QTM 350: Data Science Computing

Topic 02: Computational Literacy, Command Line, and Version Control

Professor: Davi Moreira

January 23, 2024

Topic Overview

  • Computational Literacy

    • Binary and Hexadecimal numbers
    • Characters, ASCII, Unicode
    • High vrs low level programming languages
    • Compiled vs interpreted languages
  • Command Line

    • Shell basics
    • Help!
    • Navigating your system
    • Managing your files
    • Working with text files
    • Redirects, pipes, and loops
    • Scripting
  • Version Control

    • Data Science Workflow
    • Reproducibility
    • Git and GitHub


Computational Literacy

Historical Context

What is a Computer?

What is a Computer?


  • Historically, a computer was a person who makes calculations, especially with a calculating machine.


  • To do calculations we use numbers.

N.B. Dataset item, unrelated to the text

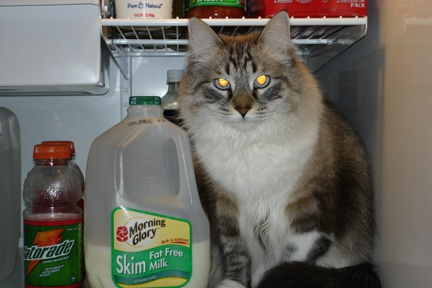Describe the objects in this image and their specific colors. I can see cat in darkgray, gray, and black tones and bottle in darkgray, black, maroon, and gray tones in this image. 
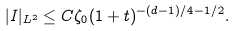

How to represent them?

Representing numbers


Simplest ways to physically represent numbers for arithmetic:

  • Counting fingers
  • Marked stones, or marked bones
  • Incan Rope counting, called Quipu
  • The Abacus

Early mechanical calculators


Four-species mechanical calculators



  • The first four-species calculating machine, which means that it is able to perform all four basic operations of arithmetic.

  • Built by Gottfried Wilhelm Leibniz in 1694.

  • If you took a statistics course before late 1970’s, you may have found yourself using this sort of mechanical calculator.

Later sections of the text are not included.